Go here for instructions on how to setup the new Supera. Then use this to setup a project.py xml script and run on the grid.

How to run LArCV's Supera on GPVMs

Supera is the name of the program in LArCV that converts larlite data into the LArCV file format used in DL training and analysis.

This assumes you have setup the DL branch of larsoft (either v5 or v6) and have already run litemaker to produce larlite files on the grid. For more info on this, go here.

The steps are a bit involved and are as follows:

  • make simlinks to the larlite files
  • setup a process ID file which maps the job process id to a set of larlite files
  • make a set of input filelists which provides the path to larlite files a job will run on
  • copy the prcoess ID file to pnfs, so that it can be transferred to a worker node
  • copy the input filelists to pnfs, so that they can be transferred to a worker node
  • modify a bash script that your worker nodes on the grid will run
  • setup your project.py file to run your bash script

A few intro notes

It might be helpful to describe what we are trying to achieve here. The FermiGrid runs Condor, a software framework for managing jobs run over a cluster. project.py, written by Herb, is the tool we use to submit larsoft jobs (i.e. run the executable lar) on the grid. project.py takes care of setting up the LArSoft environment we specify and for handling the transfer of input files, either specified by a text file list or through a samweb definition, to the work nodes for processing. Instead of figuring out how to talk to the FermiGrid directly, we're just going to hijack the project.py routines to run our executable, supera.

To do this, we take advantage of the fact that project.py can run an initialization script before it calls lar. This is specified by the <initscript> tag in a project.py xml file. In this script, we will have the worker node

  • download larlite files to run and then
  • run supera.

And once it's done, we'll run a dummy larsoft program so that project.py finished succesfully. At the end of the job, any output files will be transferred from the worker node back to where we specify in the project.py xml file, typically somewhere on /pnfs.

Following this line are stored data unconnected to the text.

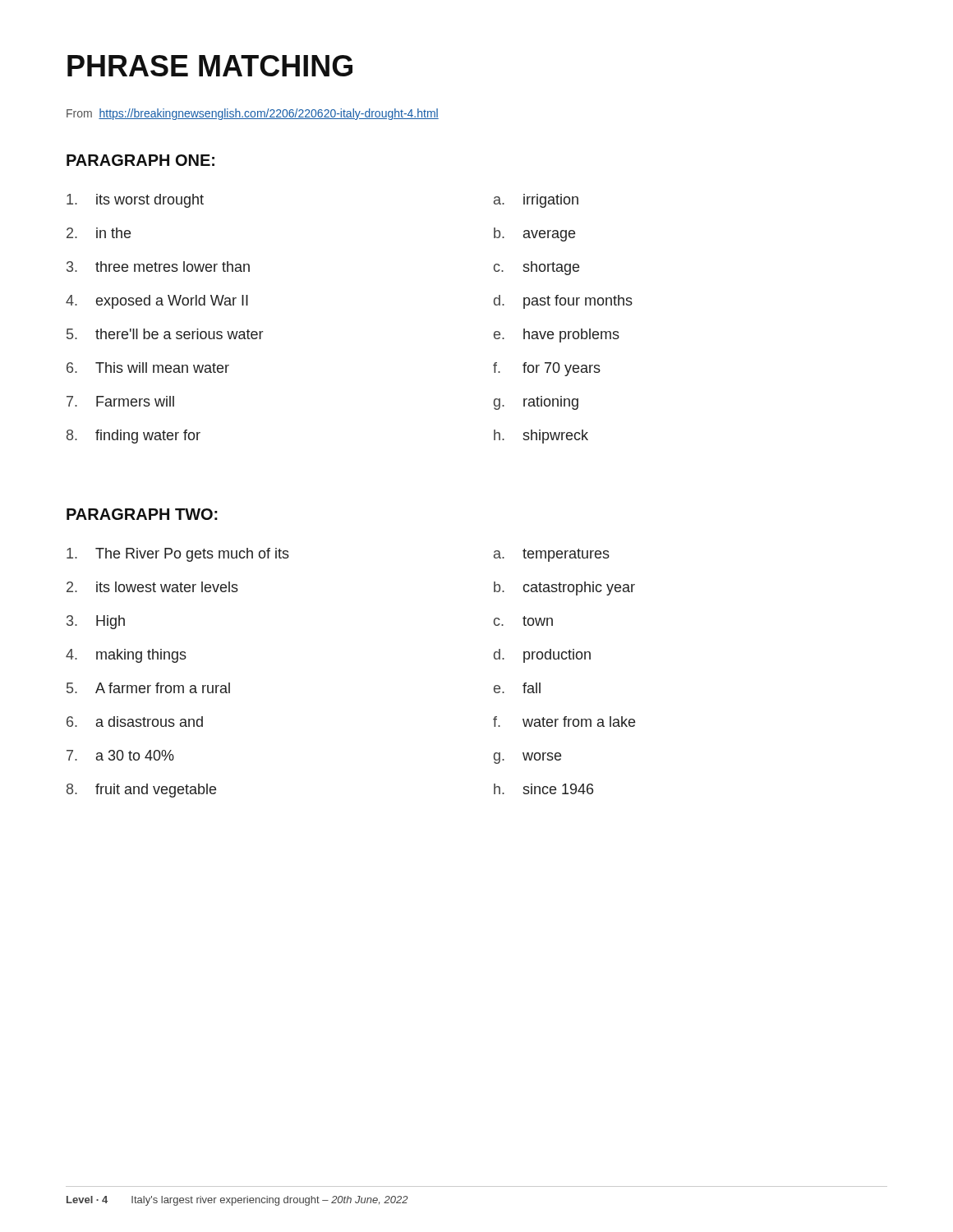Locate the region starting "f.for 70 years"
This screenshot has height=1232, width=953.
coord(547,368)
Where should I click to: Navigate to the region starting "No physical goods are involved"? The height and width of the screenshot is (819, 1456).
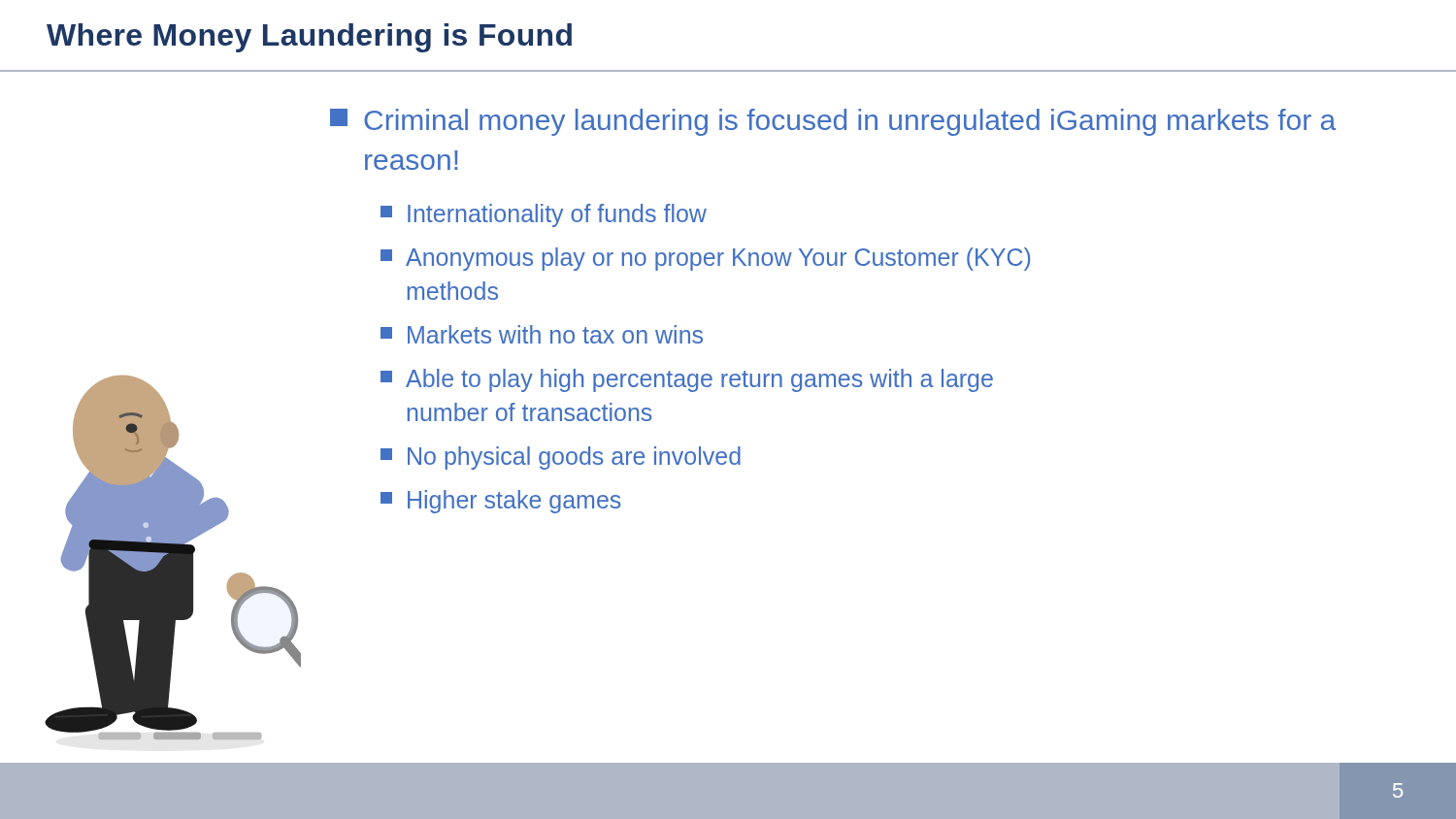click(561, 457)
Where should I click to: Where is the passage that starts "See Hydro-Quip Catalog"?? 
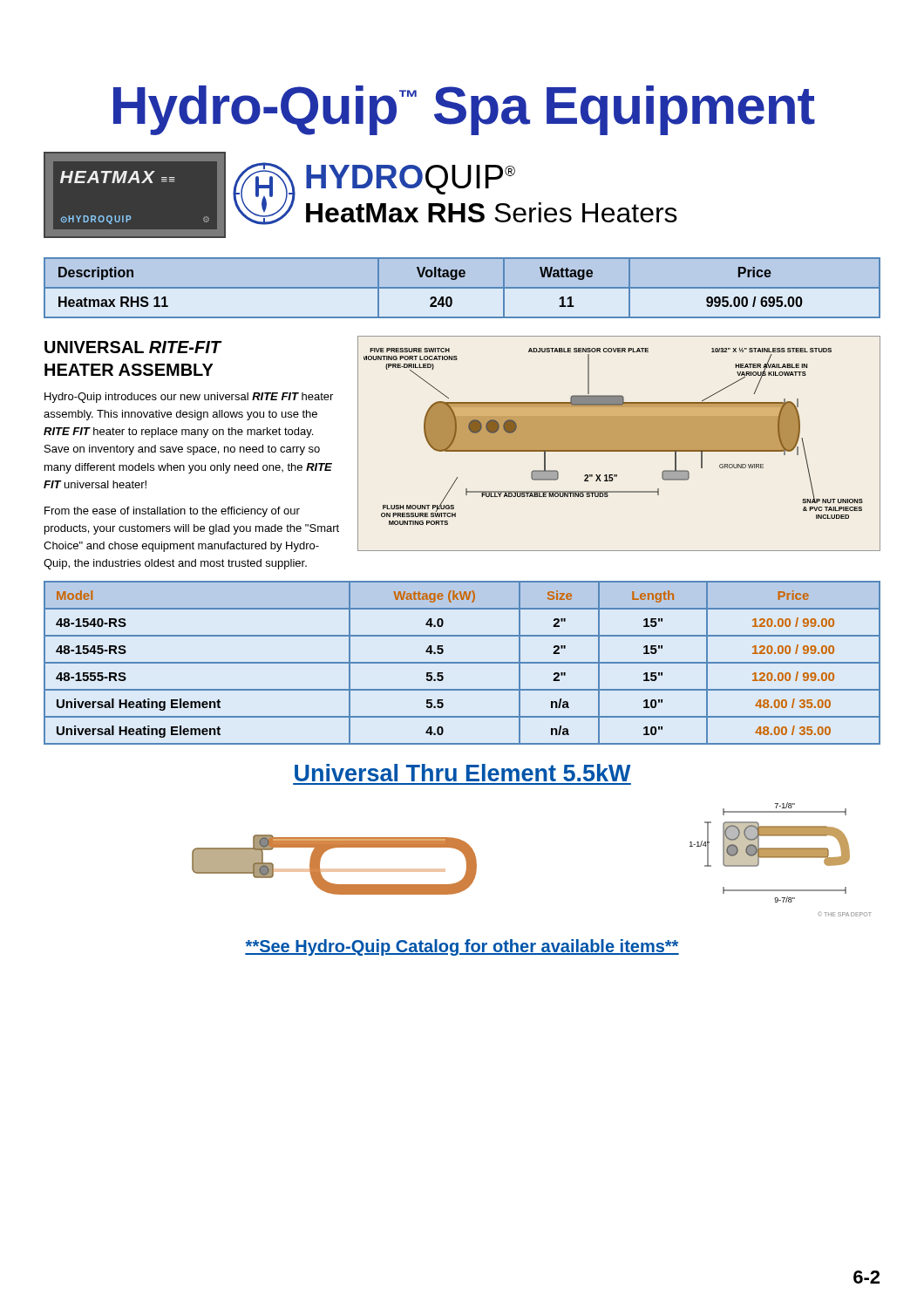point(462,946)
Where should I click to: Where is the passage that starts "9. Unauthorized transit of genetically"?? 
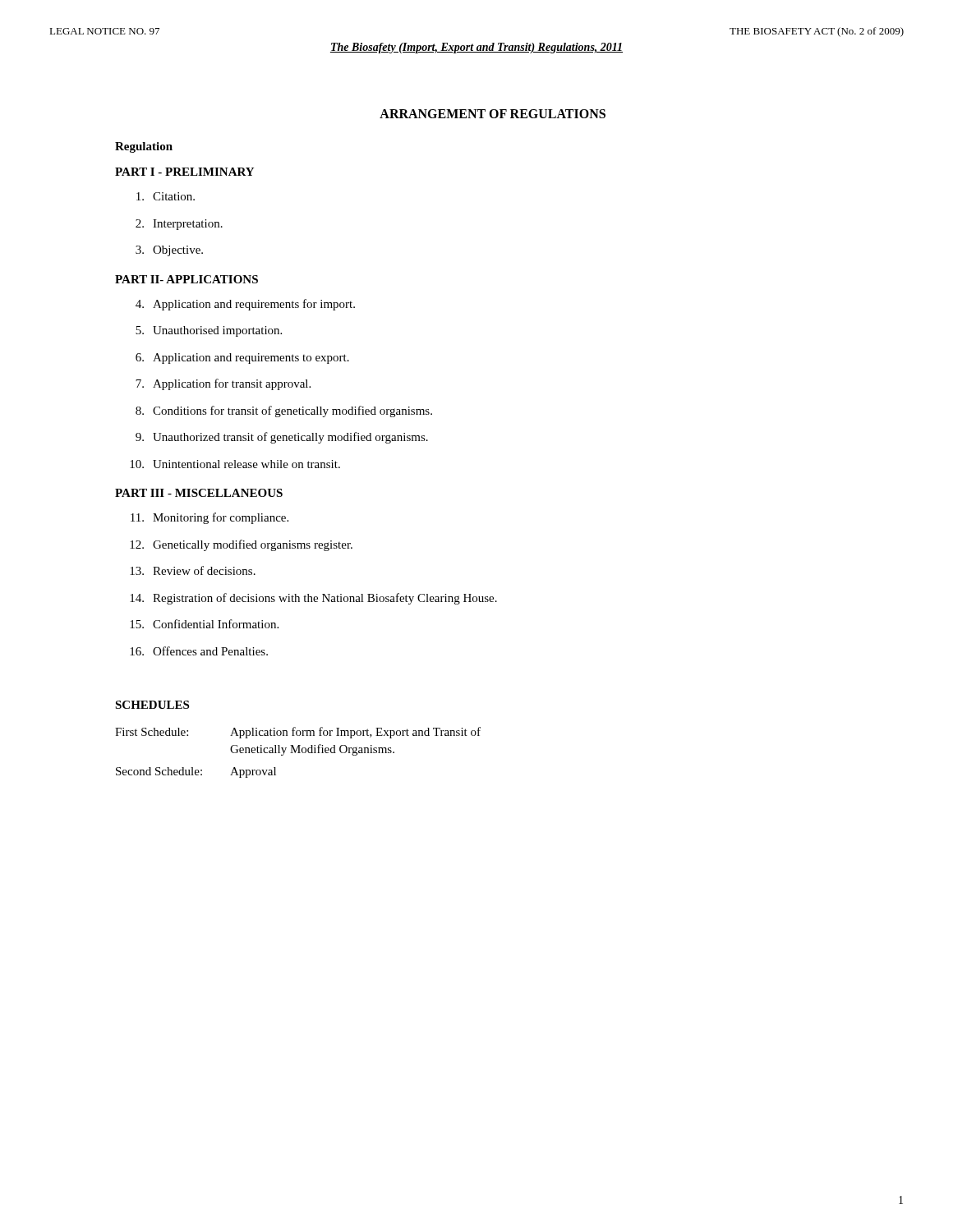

Therefore, we need to tell the jobs which files to load and what the output file should be called. We also need to keep track of all the jobs that worked. That's the role the various scripts we'll call do.

To setup the input, we will use the link_maker.py script to read in the "good" files from project.py output files and logs, and make a directory where the files are simlinked with names that are numbered sequentially. This will be input files to process. Each file will be numbered by some FILEID, and it is through this number that we will keep track of what needs to be run and which worker node downloads which files.

How will we tell which files a given worker node should download? First we will collect all the FILEIDs that need to be run in a file. This is the jobs of the make_input_filelists.py script.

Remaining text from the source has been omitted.